Go through the records and set each one down exactly, skipping any picture.

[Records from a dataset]
-=-=-

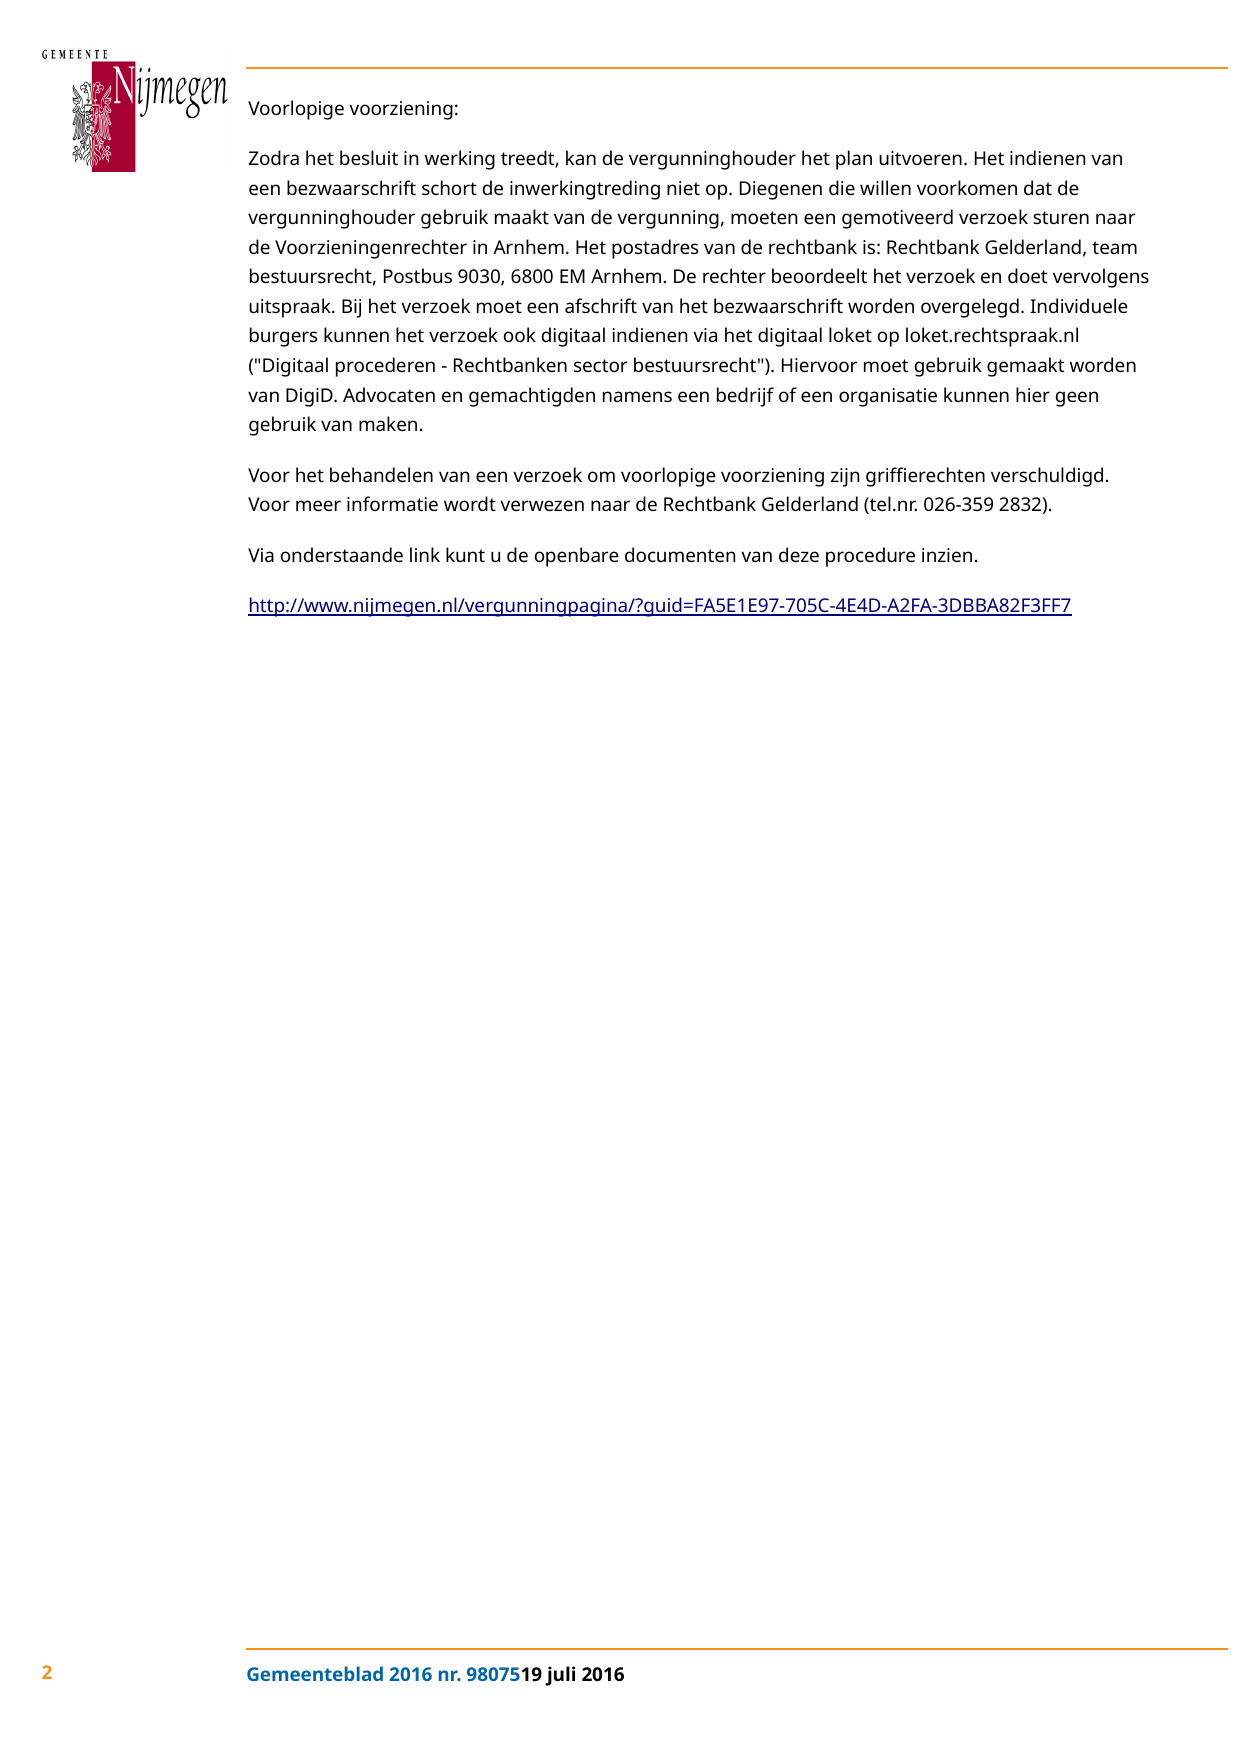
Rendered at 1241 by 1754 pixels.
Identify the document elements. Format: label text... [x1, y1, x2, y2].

text http://www.nijmegen.nl/vergunningpagina/?guid=FA5E1E97-705C-4E4D-A2FA-3DBBA82F3FF7 [248, 592, 1152, 618]
text Via onderstaande link kunt u de openbare documenten van deze procedure inzien. [248, 542, 1152, 568]
text Voor het behandelen van een verzoek om voorlopige voorziening zijn griffierechten verschuldigd. Voor meer informatie wordt verwezen naar de Rechtbank Gelderland (tel.nr. 026-359 2832). [248, 462, 1152, 517]
text Zodra het besluit in werking treedt, kan de vergunninghouder het plan uitvoeren. Het indienen van een bezwaarschrift schort de inwerkingtreding niet op. Diegenen die willen voorkomen dat de vergunninghouder gebruik maakt van de vergunning, moeten een gemotiveerd verzoek sturen naar de Voorzieningenrechter in Arnhem. Het postadres van de rechtbank is: Rechtbank Gelderland, team bestuursrecht, Postbus 9030, 6800 EM Arnhem. De rechter beoordeelt het verzoek en doet vervolgens uitspraak. Bij het verzoek moet een afschrift van het bezwaarschrift worden overgelegd. Individuele burgers kunnen het verzoek ook digitaal indienen via het digitaal loket op loket.rechtspraak.nl ("Digitaal procederen - Rechtbanken sector bestuursrecht"). Hiervoor moet gebruik gemaakt worden van DigiD. Advocaten en gemachtigden namens een bedrijf of een organisatie kunnen hier geen gebruik van maken. [248, 145, 1152, 437]
picture [41, 47, 231, 172]
text Voorlopige voorziening: [248, 95, 1152, 121]
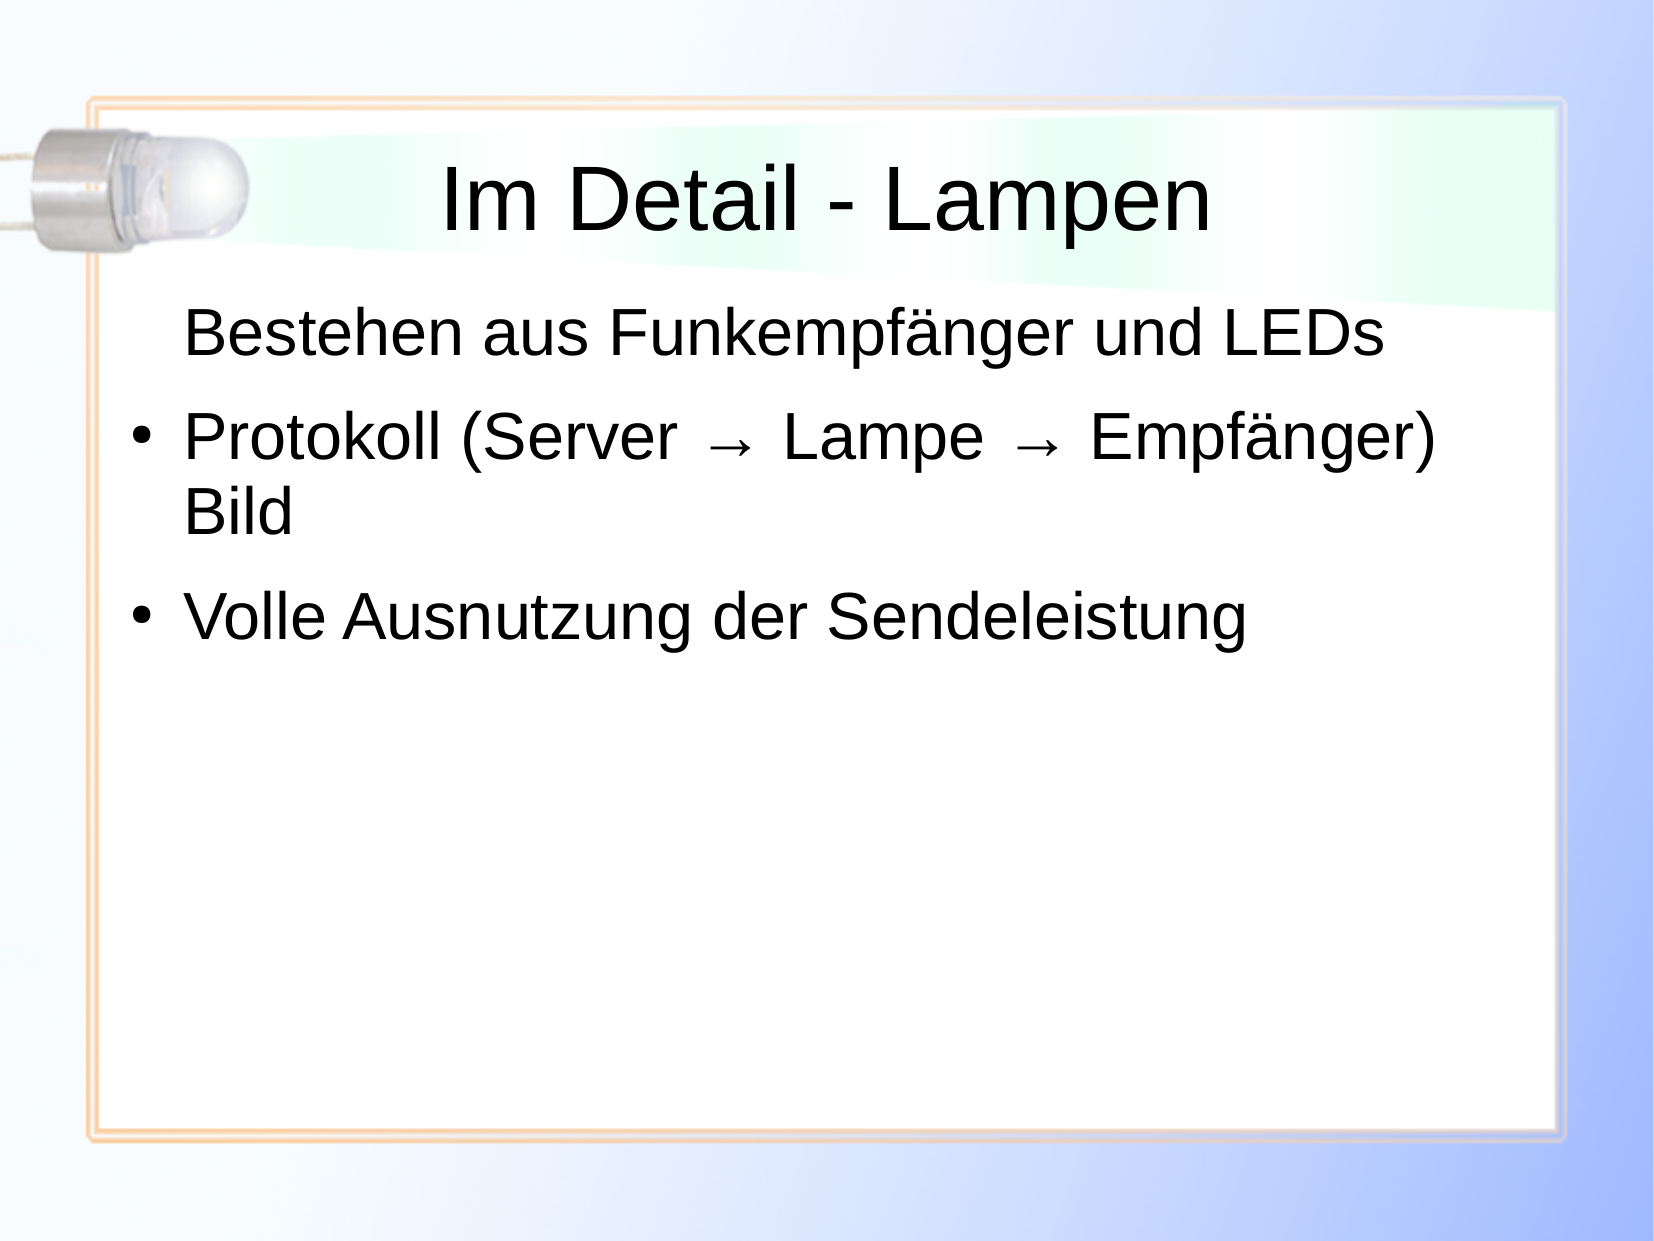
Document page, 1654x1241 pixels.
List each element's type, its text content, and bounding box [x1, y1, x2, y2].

title Im Detail - Lampen [82, 102, 1571, 296]
list Bestehen aus Funkempfänger und LEDs Protokoll (Server → Lampe → Empfänger) Bild Volle Ausnutzung der Sendeleistung [112, 295, 1548, 1142]
picture [0, 0, 1654, 1241]
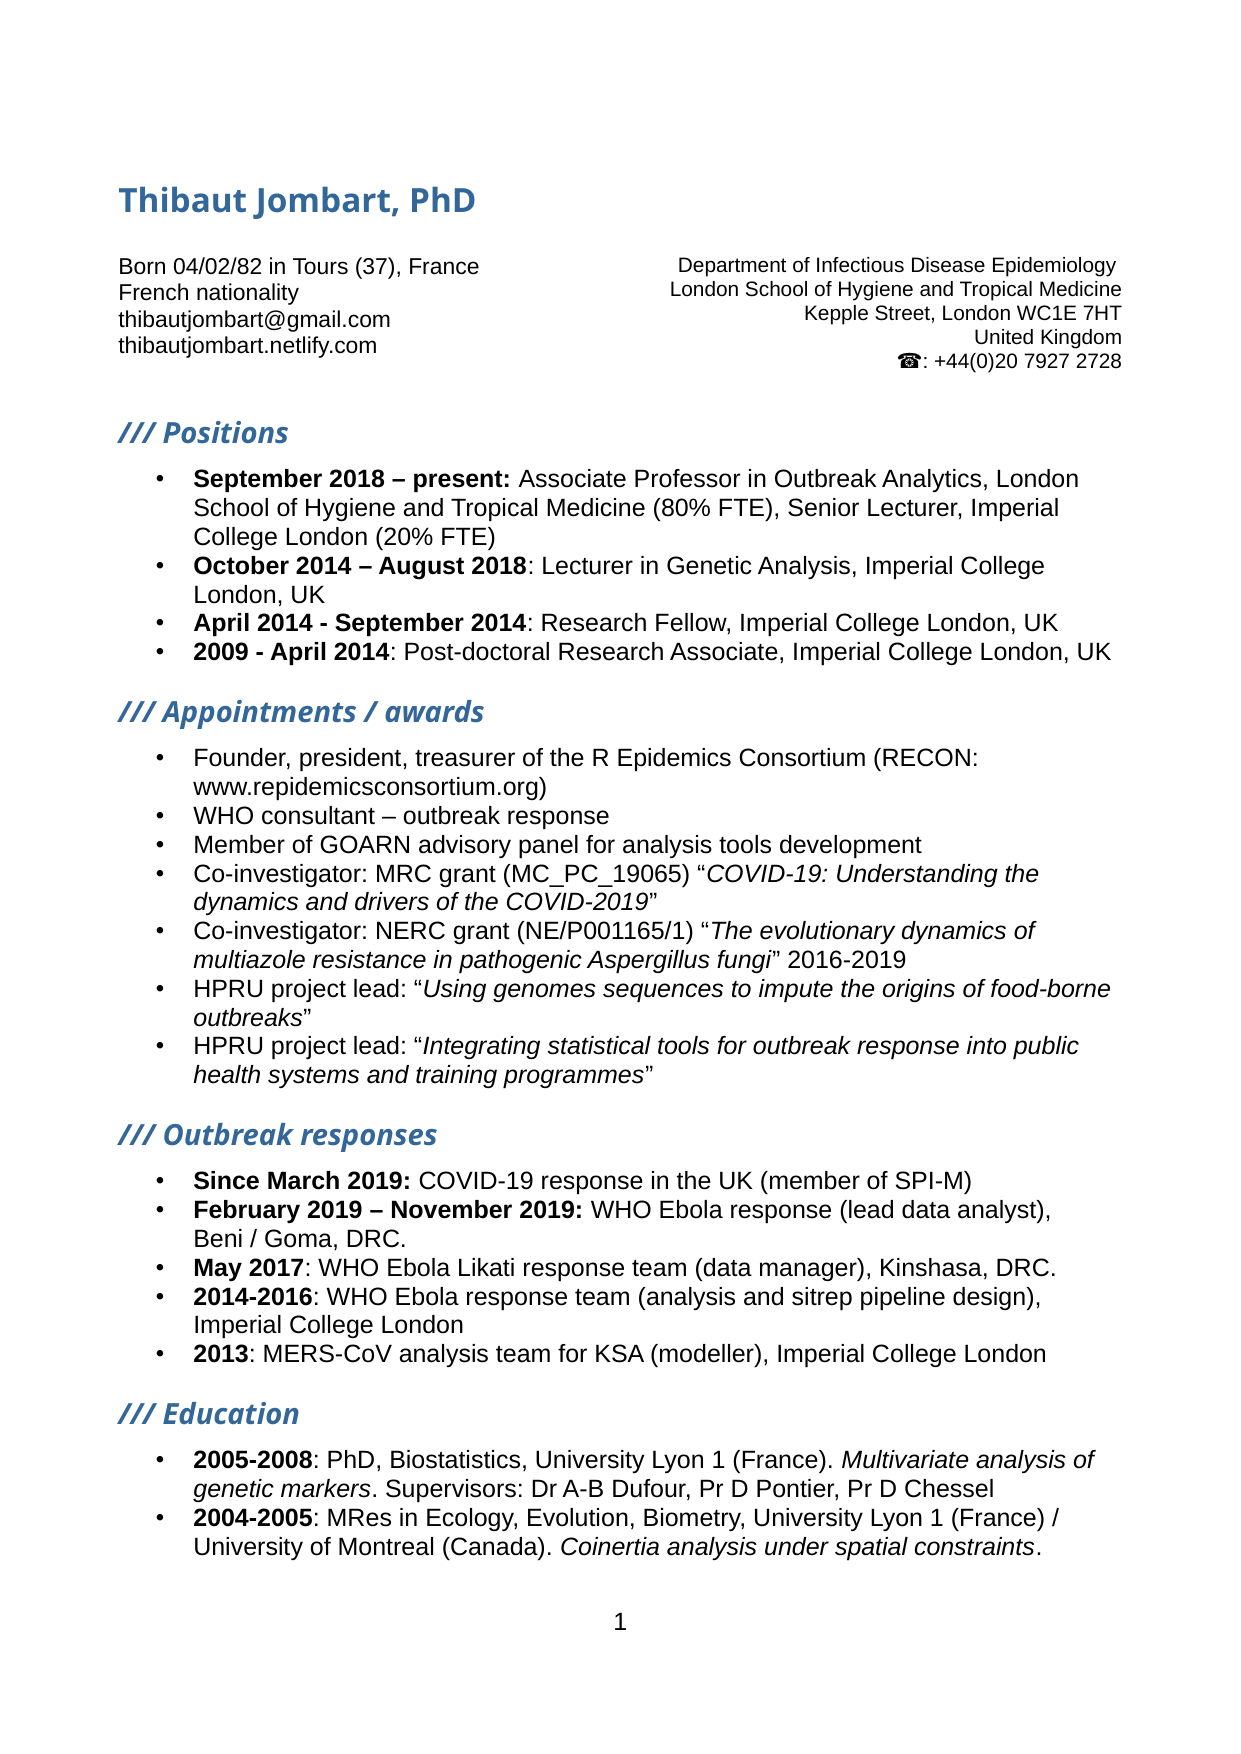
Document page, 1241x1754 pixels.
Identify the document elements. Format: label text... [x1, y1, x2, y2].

-=-=-

__RESULT OF THE EXERCISE__
Rendered at 1241 by 1754 pixels.
Identify the document elements. Format: label text... [x1, y1, x2, y2].

text http://www.nijmegen.nl/vergunningpagina/?guid=FA5E1E97-705C-4E4D-A2FA-3DBBA82F3FF7 [248, 592, 1152, 618]
text Via onderstaande link kunt u de openbare documenten van deze procedure inzien. [248, 542, 1152, 568]
text Voor het behandelen van een verzoek om voorlopige voorziening zijn griffierechten verschuldigd. Voor meer informatie wordt verwezen naar de Rechtbank Gelderland (tel.nr. 026-359 2832). [248, 462, 1152, 517]
text Zodra het besluit in werking treedt, kan de vergunninghouder het plan uitvoeren. Het indienen van een bezwaarschrift schort de inwerkingtreding niet op. Diegenen die willen voorkomen dat de vergunninghouder gebruik maakt van de vergunning, moeten een gemotiveerd verzoek sturen naar de Voorzieningenrechter in Arnhem. Het postadres van de rechtbank is: Rechtbank Gelderland, team bestuursrecht, Postbus 9030, 6800 EM Arnhem. De rechter beoordeelt het verzoek en doet vervolgens uitspraak. Bij het verzoek moet een afschrift van het bezwaarschrift worden overgelegd. Individuele burgers kunnen het verzoek ook digitaal indienen via het digitaal loket op loket.rechtspraak.nl ("Digitaal procederen - Rechtbanken sector bestuursrecht"). Hiervoor moet gebruik gemaakt worden van DigiD. Advocaten en gemachtigden namens een bedrijf of een organisatie kunnen hier geen gebruik van maken. [248, 145, 1152, 437]
picture [41, 47, 231, 172]
text Voorlopige voorziening: [248, 95, 1152, 121]
Document page, 1654x1241 pixels.
List each element's type, its text content, and bounding box [x1, y1, x2, y2].

title Im Detail - Lampen [82, 102, 1571, 296]
list Bestehen aus Funkempfänger und LEDs Protokoll (Server → Lampe → Empfänger) Bild Volle Ausnutzung der Sendeleistung [112, 295, 1548, 1142]
picture [0, 0, 1654, 1241]
Document page, 1241x1754 pixels.
Identify the document elements. Format: label text... [x1, y1, x2, y2].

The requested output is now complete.